Afternoon of Day 1 of Code4lib 2014.
Structured Data NOW: seeding schema.org in library systems – Dan Scott
Bags of words are hard.
Consistent flaw:
Wanted to make my library system part of the Semantic web, but
* XML
etc.
Schema.org was introduced
- offer simple vocabulary for short tail of results (events, products, people)
- enable normals to add markup without experts, with lots of examples
- enable search engines to aggregate data and apply better disambiguation and relevance strategies
Baby Steps
- Evergreen was publishing simplistic title/author/keyword via microdata
- OCLC WorldCat also started publishing rich, heavily extended schema.org via JSON
- If your holdings are not in OCLC, you’re not linked to Google Books
Iterate Towards Linked Data
Being enriching data using web standard
* persistent URIs
* HTML5
* RDFa (or microdata) expressing schema.org
* sitemaps listing all the URIs of interest
W3C Library Linked Data Incubator Group Report says many of the same things, so go read it.
Reality Check
Ronallo found American academic libraries published under 10k shcema.org instances in total.
RDFa
Lite is pared down to just 5 attributes. Microdata is roughly equivalent form of inline markup. Provide information on type and property.
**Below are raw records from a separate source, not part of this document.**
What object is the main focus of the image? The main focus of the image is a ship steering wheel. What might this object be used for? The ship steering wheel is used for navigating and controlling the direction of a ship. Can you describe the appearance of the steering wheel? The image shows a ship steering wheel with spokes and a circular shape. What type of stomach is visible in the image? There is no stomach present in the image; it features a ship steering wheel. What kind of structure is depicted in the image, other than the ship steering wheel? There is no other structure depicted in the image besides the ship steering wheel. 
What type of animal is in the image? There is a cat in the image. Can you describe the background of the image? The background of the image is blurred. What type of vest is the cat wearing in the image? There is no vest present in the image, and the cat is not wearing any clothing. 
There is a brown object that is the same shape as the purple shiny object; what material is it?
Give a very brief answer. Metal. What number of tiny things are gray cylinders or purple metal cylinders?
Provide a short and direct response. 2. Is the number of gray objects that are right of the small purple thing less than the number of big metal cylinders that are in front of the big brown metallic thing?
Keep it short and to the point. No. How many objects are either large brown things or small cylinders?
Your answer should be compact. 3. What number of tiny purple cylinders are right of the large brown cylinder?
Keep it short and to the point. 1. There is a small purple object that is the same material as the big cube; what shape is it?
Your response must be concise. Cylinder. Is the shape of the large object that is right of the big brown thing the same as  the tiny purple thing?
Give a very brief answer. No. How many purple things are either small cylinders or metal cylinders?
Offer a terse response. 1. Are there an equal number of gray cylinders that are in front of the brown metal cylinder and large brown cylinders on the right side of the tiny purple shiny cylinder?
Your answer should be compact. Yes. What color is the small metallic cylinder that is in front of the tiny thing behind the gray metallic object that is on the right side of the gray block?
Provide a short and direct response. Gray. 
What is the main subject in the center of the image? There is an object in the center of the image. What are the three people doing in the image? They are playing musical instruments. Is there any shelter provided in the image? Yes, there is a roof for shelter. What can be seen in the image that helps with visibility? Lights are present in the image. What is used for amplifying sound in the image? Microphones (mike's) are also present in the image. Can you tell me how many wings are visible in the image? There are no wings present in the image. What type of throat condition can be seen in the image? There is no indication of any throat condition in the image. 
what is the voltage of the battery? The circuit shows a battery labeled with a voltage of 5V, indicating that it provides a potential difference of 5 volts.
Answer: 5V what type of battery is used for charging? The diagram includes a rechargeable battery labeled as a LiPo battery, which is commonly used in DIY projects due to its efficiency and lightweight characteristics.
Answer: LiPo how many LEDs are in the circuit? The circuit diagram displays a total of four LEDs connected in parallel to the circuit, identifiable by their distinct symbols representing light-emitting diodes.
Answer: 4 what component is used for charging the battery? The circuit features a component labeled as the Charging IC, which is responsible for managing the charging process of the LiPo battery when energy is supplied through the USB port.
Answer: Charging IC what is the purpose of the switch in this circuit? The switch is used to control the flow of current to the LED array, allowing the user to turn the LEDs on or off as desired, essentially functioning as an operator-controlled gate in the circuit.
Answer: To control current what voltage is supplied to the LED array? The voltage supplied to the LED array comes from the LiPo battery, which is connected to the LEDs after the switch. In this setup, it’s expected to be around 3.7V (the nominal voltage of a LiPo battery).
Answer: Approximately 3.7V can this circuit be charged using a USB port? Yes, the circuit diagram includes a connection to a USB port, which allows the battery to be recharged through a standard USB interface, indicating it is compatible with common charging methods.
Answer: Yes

Test with structured data extracted from a page.
SchemaBibEx
Look at what needed to be extended to bring into schema.org proper. The idea was to make it for all articles and library items.
Mapping
Mapping holdings to schema.org offers
* seller = library
* sku = call number
* serialNumber = barcode
Periodicals
* article type
* periodical extension with PublicationIssue, PublicationVolume, Periodical, Book
* currently under consideration by schema.org
Status
Stopped making new extensions, and looking at best practices, documentation, etc.
Now being published by Koha, VuFind, and about to be published in Evergreen.
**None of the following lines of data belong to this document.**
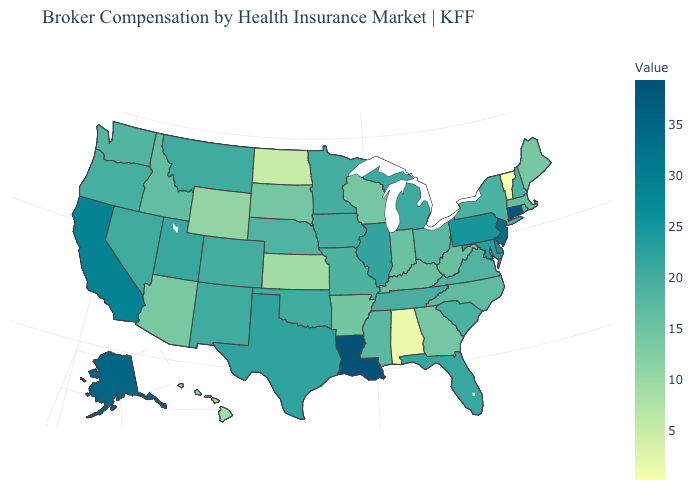Among the states that border West Virginia , does Kentucky have the lowest value?
Be succinct. Yes. Among the states that border Tennessee , does Georgia have the lowest value?
Give a very brief answer. No. Which states have the lowest value in the Northeast?
Short answer required. Vermont. Is the legend a continuous bar?
Be succinct. Yes. Does Indiana have a higher value than Alabama?
Write a very short answer. Yes. Does Hawaii have the lowest value in the West?
Quick response, please. Yes. Which states hav the highest value in the West?
Keep it brief. Alaska. Does Vermont have the lowest value in the USA?
Quick response, please. Yes. Does Ohio have the lowest value in the MidWest?
Keep it brief. No. 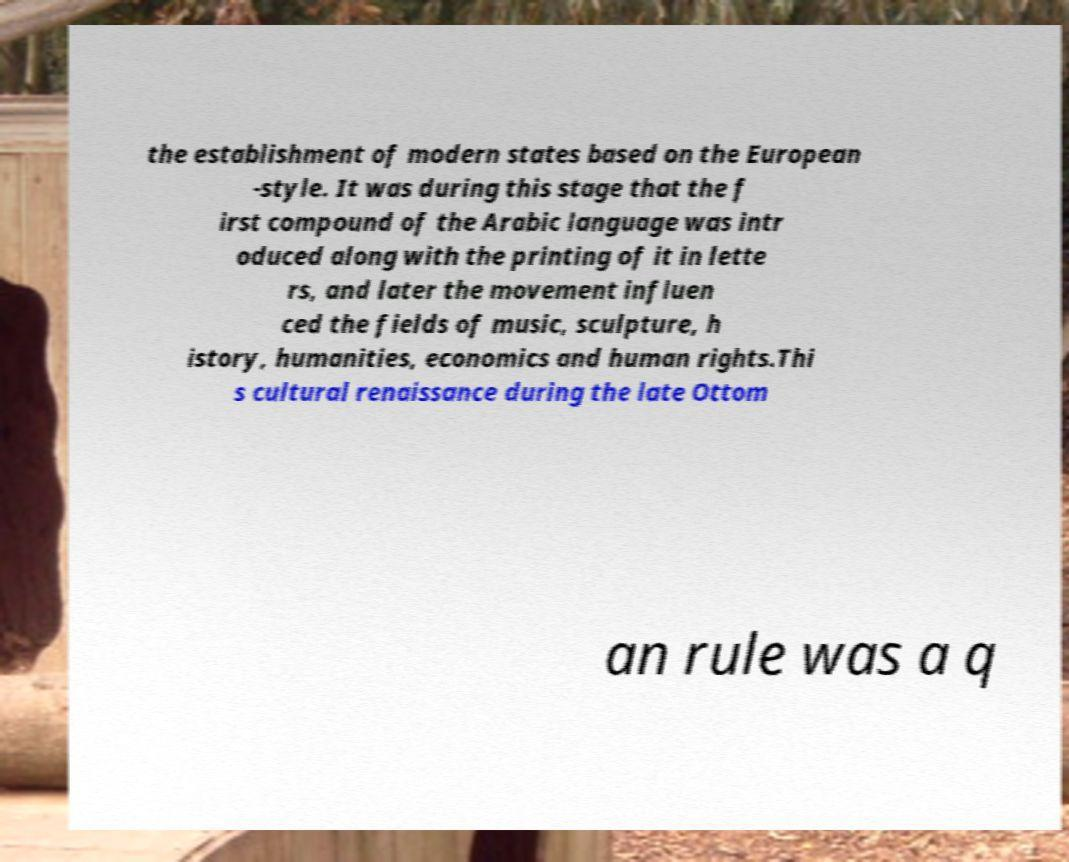What messages or text are displayed in this image? I need them in a readable, typed format. the establishment of modern states based on the European -style. It was during this stage that the f irst compound of the Arabic language was intr oduced along with the printing of it in lette rs, and later the movement influen ced the fields of music, sculpture, h istory, humanities, economics and human rights.Thi s cultural renaissance during the late Ottom an rule was a q 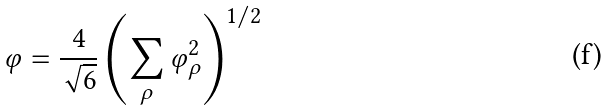Convert formula to latex. <formula><loc_0><loc_0><loc_500><loc_500>\varphi = \frac { 4 } { \sqrt { 6 } } \left ( \sum _ { \rho } \varphi _ { \rho } ^ { 2 } \right ) ^ { 1 / 2 }</formula> 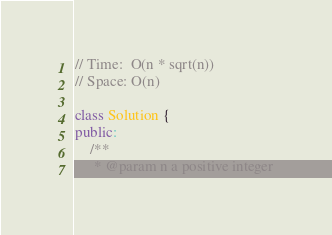<code> <loc_0><loc_0><loc_500><loc_500><_C++_>// Time:  O(n * sqrt(n))
// Space: O(n)

class Solution {
public:
    /**
     * @param n a positive integer</code> 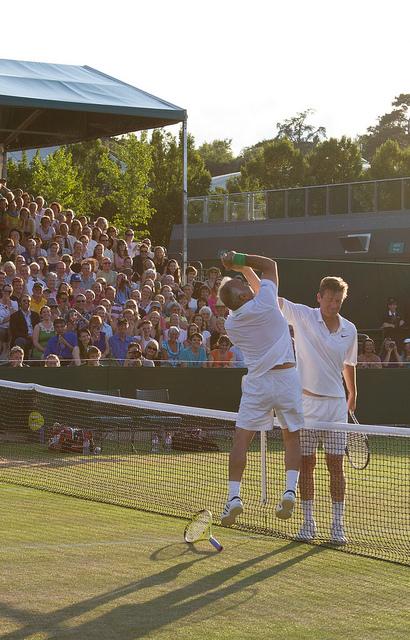Are there spectators to this match?
Be succinct. Yes. What is in between the two men?
Give a very brief answer. Net. Why is the man jumping?
Be succinct. Excited. Do the players appear cordial?
Keep it brief. Yes. 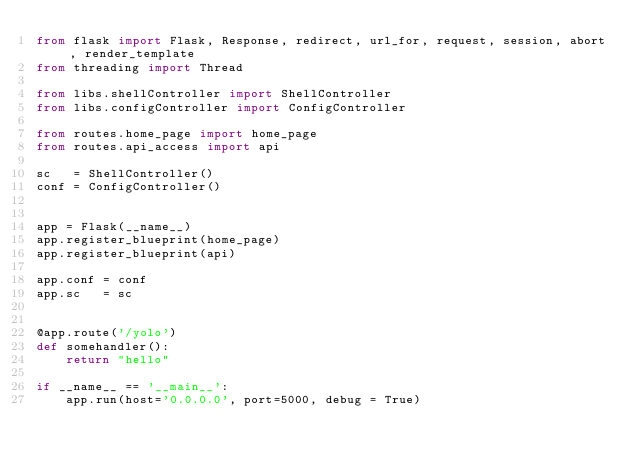Convert code to text. <code><loc_0><loc_0><loc_500><loc_500><_Python_>from flask import Flask, Response, redirect, url_for, request, session, abort, render_template
from threading import Thread

from libs.shellController import ShellController
from libs.configController import ConfigController

from routes.home_page import home_page
from routes.api_access import api

sc   = ShellController()
conf = ConfigController()


app = Flask(__name__)
app.register_blueprint(home_page)
app.register_blueprint(api)

app.conf = conf
app.sc   = sc


@app.route('/yolo')
def somehandler():
    return "hello"

if __name__ == '__main__':
    app.run(host='0.0.0.0', port=5000, debug = True) </code> 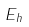<formula> <loc_0><loc_0><loc_500><loc_500>E _ { h }</formula> 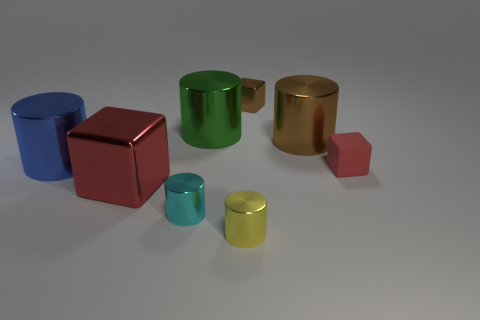Subtract all green cubes. Subtract all purple cylinders. How many cubes are left? 3 Subtract all green cylinders. How many blue blocks are left? 0 Add 5 small browns. How many greens exist? 0 Subtract all tiny purple rubber cubes. Subtract all small yellow cylinders. How many objects are left? 7 Add 3 cyan metal objects. How many cyan metal objects are left? 4 Add 3 large yellow objects. How many large yellow objects exist? 3 Add 1 red matte things. How many objects exist? 9 Subtract all yellow cylinders. How many cylinders are left? 4 Subtract all yellow cylinders. How many cylinders are left? 4 Subtract 0 green blocks. How many objects are left? 8

Next Generation Catalogue – RDF as a Basis for New Services – Anne-Lena Westrum, Benjamin Rokseth, Asgeir Rekkavik, and Petter Goksøyr Åsen
4 years ago, we were living inside the black box of the ILS.
One example search for an author, providing 851 results but should be 40 results.
70% of material in stacks, so rely on OPAC to find what they have.
In 2017, will be in a new building. Open digital mediation centre.
Have chosen to move away from MARC. User centred services
Active shelves = physical touchscreen device. Shelf reads RDIF, present information that is relevant to the book e.g. reviews, stuff by the same author (only one edition instead of all), similar books
Collected book recommendations around the country into one RDF store, connected to books via ISBN. Can query database for recommended books.
Move From Black Box to Open System Architecture
Started preparation. System makes user choose specific edition of a book.
> This kind of user experience is like going to a library and being helped by a librarian who is a complete idiot
Need to add common sense to the system.
MARC2RDF
* open source tool kit [code]/code
* conversion from MARC bibliographic data to RDF statements
* enrich data with external content from various APIs and linked open data e.g. cover images, book reviews
* can control multiple groups of data and multiple mapping files
* can add conditional choices
RDF2MARC
* Still going to need MARC records for several purposes e.g. circulation, ILL
More Like This: Approaches to Recommending Related Items using Subject Headings – Kevin Beswick
Recommendations for more serendipitous discovery in part because using ASRS (bookbot).
Did it based on subject headings, most subject terms, weighted subject terms.
Built with Python/Flask App, Solr/SolrMARC.
The most headings and most terms algorithms looked to be producing decent recommendations (first headings too few results), and weighting differs based on subject or user interests which is impossible without user input
Tested algorithms using blind ranking and qualitative comments on result sets of 10. Most subject terms (esp. longer/more headings) better than most headings (better for shorter/fewer headings), but wanted less in the 0-5 range. Found that gov docs and fiction have thematic recommendations can’t achieve with shelf browse.
Found a lot of duplicate titles (different editions, print & electronic). Poorly assigned subject headings can cause issues. Interface considerations include integration on full record of an item of 5 at a time.
Takeaways
- overall algorithms perform decently but could improve
- but depends on how your items are catalogued
- still under active development